▶ PROVIDED ENTRIES
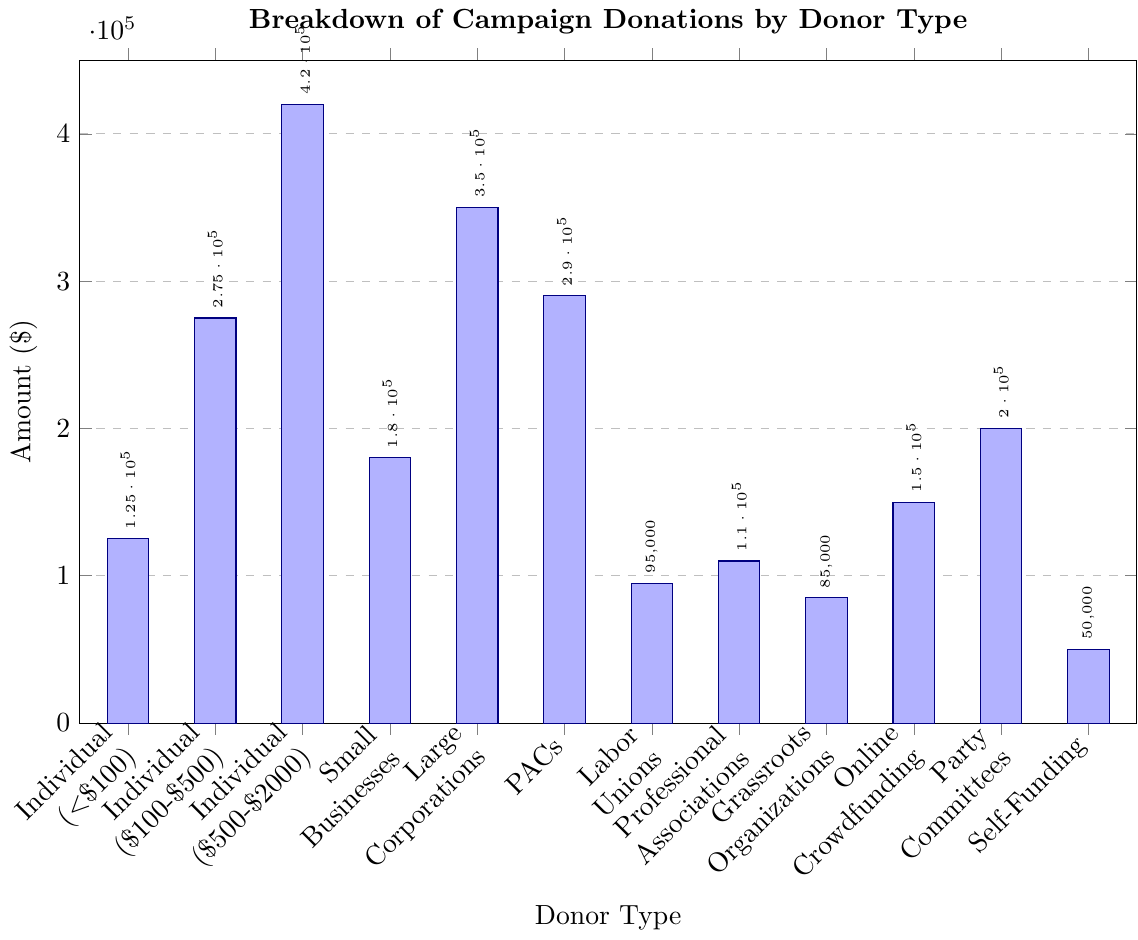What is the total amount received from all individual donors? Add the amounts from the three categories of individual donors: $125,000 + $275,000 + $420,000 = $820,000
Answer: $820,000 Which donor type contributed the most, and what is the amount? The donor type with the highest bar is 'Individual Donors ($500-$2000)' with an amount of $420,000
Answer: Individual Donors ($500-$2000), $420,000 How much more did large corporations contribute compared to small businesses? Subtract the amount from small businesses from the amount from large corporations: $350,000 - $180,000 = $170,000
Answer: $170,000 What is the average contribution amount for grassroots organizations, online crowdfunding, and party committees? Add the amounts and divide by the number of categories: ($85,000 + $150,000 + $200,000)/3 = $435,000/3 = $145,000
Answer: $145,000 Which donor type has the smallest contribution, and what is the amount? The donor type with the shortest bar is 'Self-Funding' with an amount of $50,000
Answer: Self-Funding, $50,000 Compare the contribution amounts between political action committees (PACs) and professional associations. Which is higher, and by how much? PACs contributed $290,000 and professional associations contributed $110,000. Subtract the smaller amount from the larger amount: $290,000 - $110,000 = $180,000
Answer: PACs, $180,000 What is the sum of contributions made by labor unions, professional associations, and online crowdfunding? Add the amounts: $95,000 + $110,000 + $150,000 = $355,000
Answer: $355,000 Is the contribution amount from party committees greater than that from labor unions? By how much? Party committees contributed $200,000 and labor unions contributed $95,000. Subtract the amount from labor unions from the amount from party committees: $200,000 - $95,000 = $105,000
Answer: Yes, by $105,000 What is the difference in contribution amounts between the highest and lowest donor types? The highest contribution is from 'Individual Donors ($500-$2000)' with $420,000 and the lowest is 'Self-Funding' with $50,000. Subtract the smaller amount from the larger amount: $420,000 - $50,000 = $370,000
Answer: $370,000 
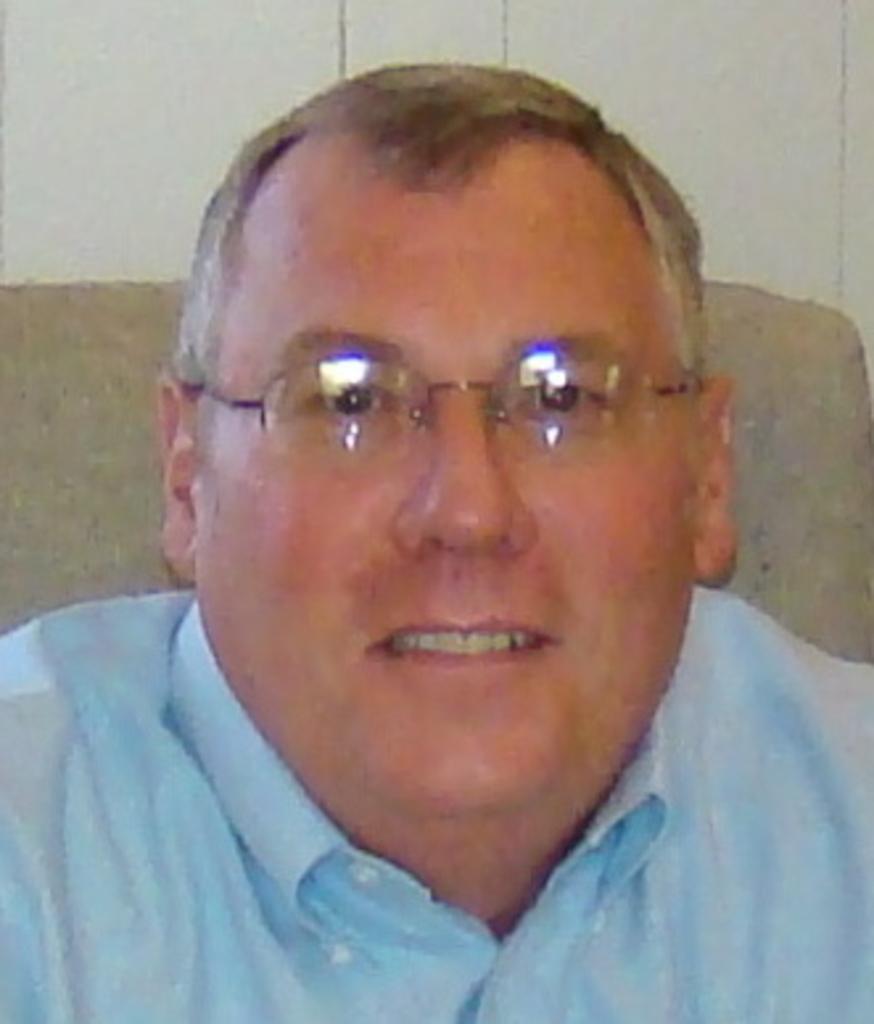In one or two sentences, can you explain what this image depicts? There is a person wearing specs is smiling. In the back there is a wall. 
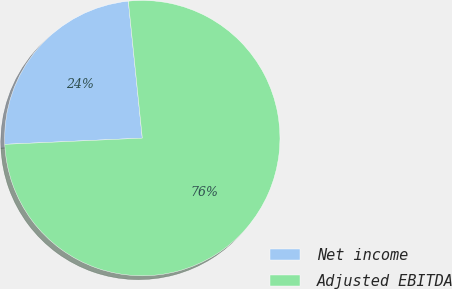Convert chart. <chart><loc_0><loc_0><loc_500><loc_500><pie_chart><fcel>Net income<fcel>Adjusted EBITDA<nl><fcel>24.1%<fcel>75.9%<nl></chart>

---

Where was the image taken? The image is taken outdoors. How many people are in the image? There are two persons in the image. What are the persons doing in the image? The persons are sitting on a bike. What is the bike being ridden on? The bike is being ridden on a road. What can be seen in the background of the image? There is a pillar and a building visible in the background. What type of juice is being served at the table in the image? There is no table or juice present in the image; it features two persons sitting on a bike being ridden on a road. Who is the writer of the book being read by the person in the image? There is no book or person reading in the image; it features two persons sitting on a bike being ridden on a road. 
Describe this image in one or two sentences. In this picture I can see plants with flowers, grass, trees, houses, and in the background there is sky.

* * *

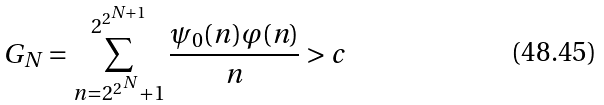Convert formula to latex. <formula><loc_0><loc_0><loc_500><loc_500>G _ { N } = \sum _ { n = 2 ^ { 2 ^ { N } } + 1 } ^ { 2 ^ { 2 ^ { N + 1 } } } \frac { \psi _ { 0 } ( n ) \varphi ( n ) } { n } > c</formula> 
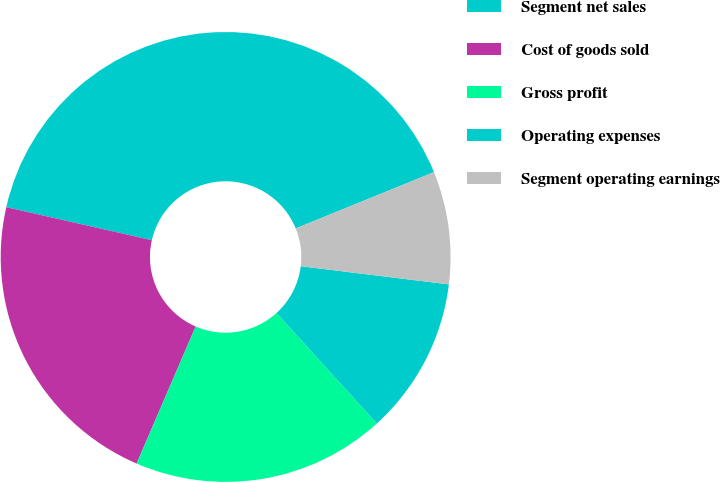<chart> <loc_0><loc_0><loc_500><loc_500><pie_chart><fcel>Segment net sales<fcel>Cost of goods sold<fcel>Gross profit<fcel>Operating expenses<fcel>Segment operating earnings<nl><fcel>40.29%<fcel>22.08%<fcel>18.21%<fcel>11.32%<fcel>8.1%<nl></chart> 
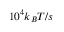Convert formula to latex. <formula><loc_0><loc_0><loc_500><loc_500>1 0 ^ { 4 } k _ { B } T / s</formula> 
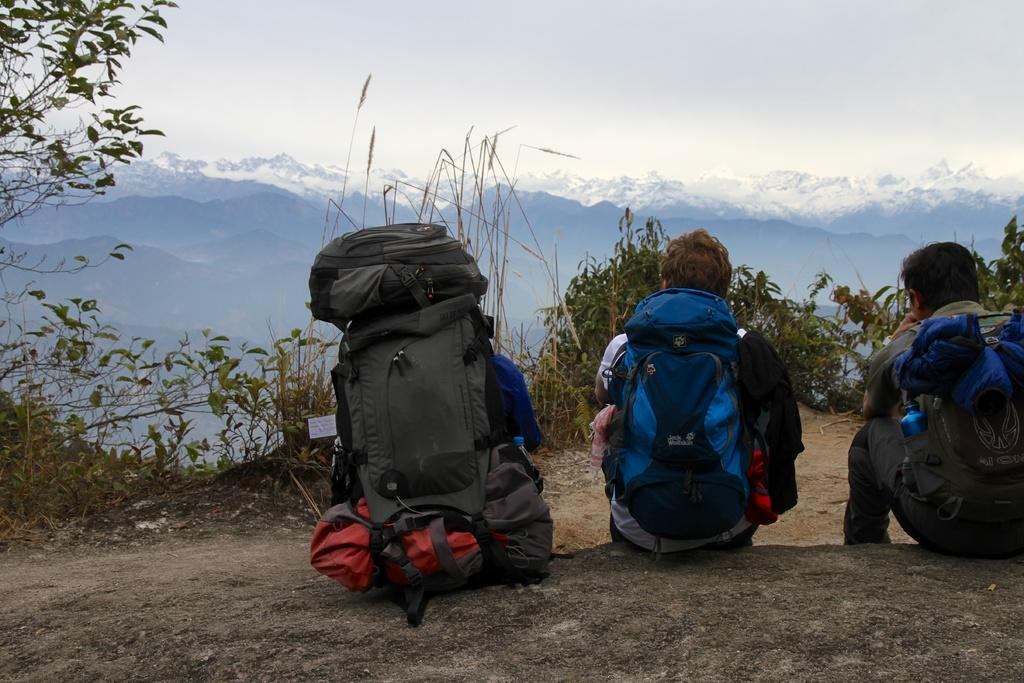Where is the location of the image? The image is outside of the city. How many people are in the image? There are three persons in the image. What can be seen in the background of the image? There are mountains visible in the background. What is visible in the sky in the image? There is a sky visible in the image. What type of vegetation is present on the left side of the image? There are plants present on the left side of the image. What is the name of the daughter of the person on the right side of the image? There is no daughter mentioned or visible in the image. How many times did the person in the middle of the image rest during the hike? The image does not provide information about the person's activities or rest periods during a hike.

▶ WORK TASK
In the listing above, find the line containing "Answer: Individual Donors" and the line containing "Answer: $145,000 Which". Output them and every line between, exactly, and nothing else.

▶ RESULT BELOW
Answer: Individual Donors ($500-$2000), $420,000 How much more did large corporations contribute compared to small businesses? Subtract the amount from small businesses from the amount from large corporations: $350,000 - $180,000 = $170,000
Answer: $170,000 What is the average contribution amount for grassroots organizations, online crowdfunding, and party committees? Add the amounts and divide by the number of categories: ($85,000 + $150,000 + $200,000)/3 = $435,000/3 = $145,000
Answer: $145,000 Which donor type has the smallest contribution, and what is the amount? The donor type with the shortest bar is 'Self-Funding' with an amount of $50,000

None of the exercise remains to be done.